Your assignment –
In the records that follow, show each line where the word "with" is present.
----
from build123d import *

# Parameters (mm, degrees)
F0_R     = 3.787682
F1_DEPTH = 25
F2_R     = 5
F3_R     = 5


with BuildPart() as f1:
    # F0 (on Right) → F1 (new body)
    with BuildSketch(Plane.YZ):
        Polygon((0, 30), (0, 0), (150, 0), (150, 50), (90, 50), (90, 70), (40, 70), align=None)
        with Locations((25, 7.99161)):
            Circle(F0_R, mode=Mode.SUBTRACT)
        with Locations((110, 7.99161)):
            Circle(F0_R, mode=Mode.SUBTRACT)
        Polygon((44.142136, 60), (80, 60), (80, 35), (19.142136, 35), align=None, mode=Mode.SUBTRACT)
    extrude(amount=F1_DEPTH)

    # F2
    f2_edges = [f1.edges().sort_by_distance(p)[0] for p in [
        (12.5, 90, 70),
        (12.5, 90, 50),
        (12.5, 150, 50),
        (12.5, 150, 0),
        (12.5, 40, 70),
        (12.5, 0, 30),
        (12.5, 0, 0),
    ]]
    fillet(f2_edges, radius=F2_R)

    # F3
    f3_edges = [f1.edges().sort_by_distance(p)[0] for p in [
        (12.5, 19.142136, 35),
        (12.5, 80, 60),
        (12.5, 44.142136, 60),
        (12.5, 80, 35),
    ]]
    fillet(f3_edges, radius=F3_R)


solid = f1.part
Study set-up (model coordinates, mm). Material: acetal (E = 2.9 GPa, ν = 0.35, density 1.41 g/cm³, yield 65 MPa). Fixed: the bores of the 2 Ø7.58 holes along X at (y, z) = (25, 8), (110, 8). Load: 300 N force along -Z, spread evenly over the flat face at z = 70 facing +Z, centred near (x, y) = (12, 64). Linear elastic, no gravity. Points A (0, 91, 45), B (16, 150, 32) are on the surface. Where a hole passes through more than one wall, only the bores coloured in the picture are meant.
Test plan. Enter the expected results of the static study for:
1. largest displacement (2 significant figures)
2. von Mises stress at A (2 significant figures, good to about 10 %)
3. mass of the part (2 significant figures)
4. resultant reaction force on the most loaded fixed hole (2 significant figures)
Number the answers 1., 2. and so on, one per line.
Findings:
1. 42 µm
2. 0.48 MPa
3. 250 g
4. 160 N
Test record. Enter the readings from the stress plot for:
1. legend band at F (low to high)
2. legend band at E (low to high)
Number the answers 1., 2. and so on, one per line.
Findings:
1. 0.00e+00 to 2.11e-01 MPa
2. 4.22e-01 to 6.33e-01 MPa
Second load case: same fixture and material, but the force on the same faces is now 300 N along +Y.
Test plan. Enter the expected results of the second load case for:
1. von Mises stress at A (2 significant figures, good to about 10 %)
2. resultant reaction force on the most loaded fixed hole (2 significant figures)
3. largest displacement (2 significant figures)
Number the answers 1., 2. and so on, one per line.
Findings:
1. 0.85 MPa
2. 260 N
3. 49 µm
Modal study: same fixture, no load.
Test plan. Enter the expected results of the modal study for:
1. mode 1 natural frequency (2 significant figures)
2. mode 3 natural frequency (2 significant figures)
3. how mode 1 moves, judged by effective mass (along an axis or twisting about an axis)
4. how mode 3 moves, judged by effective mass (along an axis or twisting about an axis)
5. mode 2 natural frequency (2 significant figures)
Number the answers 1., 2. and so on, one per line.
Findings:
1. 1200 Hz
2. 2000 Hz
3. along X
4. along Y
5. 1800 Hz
----
Written response –
with BuildPart() as f1:
    with BuildSketch(Plane.YZ):
        with Locations((25, 7.99161)):
        with Locations((110, 7.99161)):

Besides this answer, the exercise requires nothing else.